RSV infection is common in children but sometimes can be hard for parents to recognize. By two years of age, 95 percent of all children have been exposed to RSV, but the symptoms can range from a mild cold all the way to serious pneumonia, which requires a child to be hospitalized and placed on a ventilator. The Washington University researchers have been trying to learn why some kids have a relatively easy time while others get so very sick.
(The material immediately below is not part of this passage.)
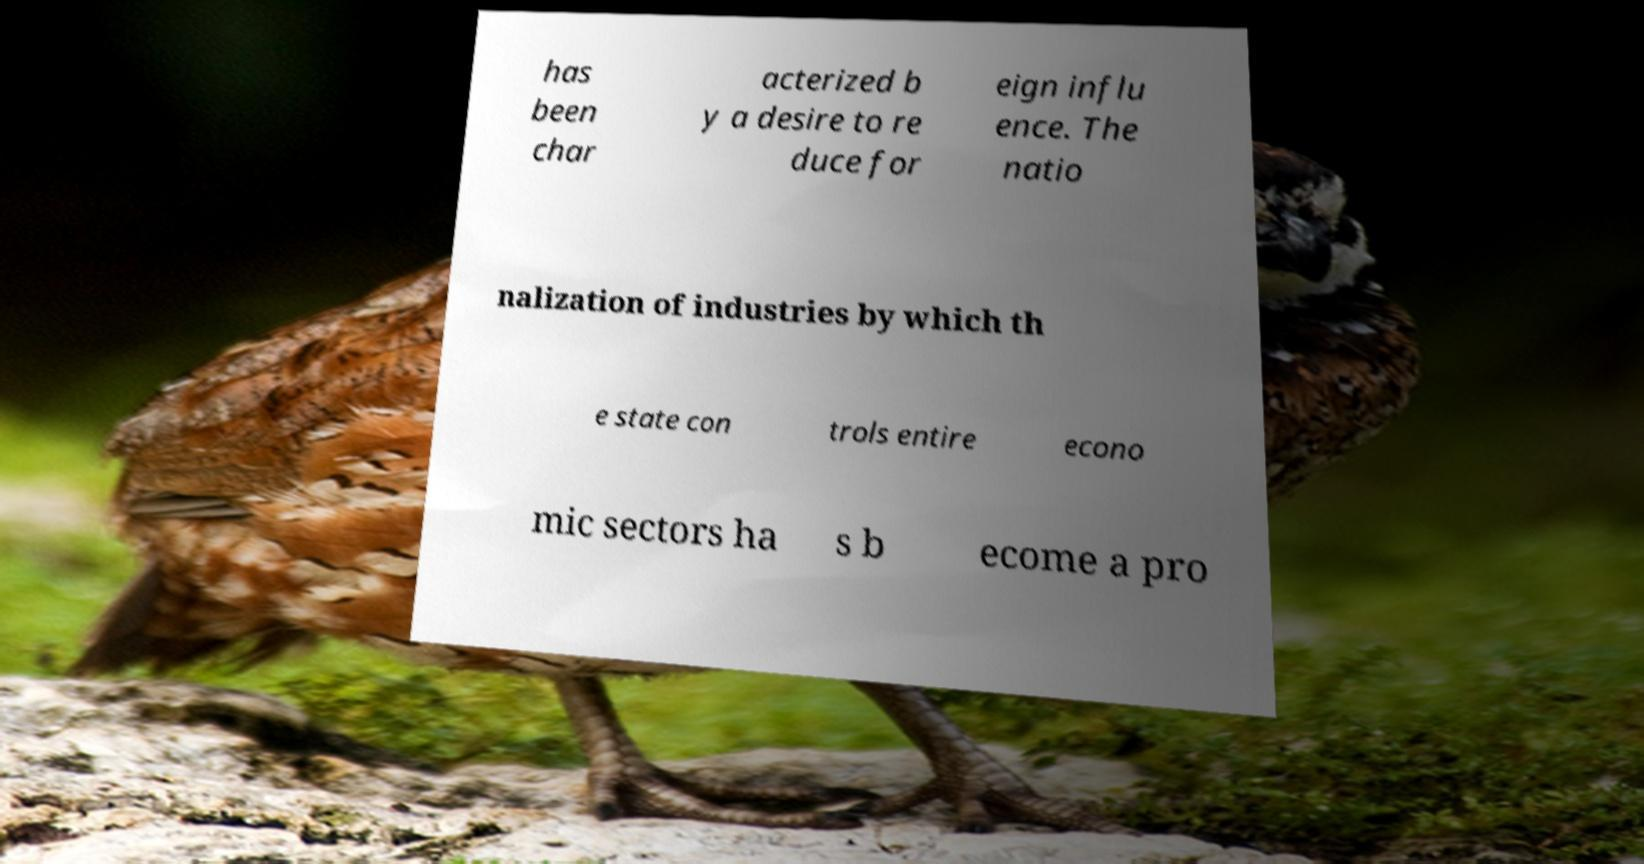Could you extract and type out the text from this image? has been char acterized b y a desire to re duce for eign influ ence. The natio nalization of industries by which th e state con trols entire econo mic sectors ha s b ecome a pro

The research team has been following 206 children since they were hospitalized or treated in the Emergency Department at St. Louis Children's Hospital. The children are part of a project called the RSV Bronchiolitis in Early Life (RBEL) study. The infants all were under 12 months of age when they were enrolled in the RBEL study and had a wide range in the severity of their RSV infection, according to Mario Castro, M.D., associate professor of medicine and pediatrics at Washington University School of Medicine and principal investigator of the RBEL study.
After the children were treated at the hospital and recruited into the study, Castro and colleagues looked at medical records and measured the children's oxygen saturation levels during RSV infection. The lower the oxygen saturation, the more serious the infection. Later, they went to the children's homes and vacuumed up dust and allergens to see whether those products might have played a role in the severity of RSV infections.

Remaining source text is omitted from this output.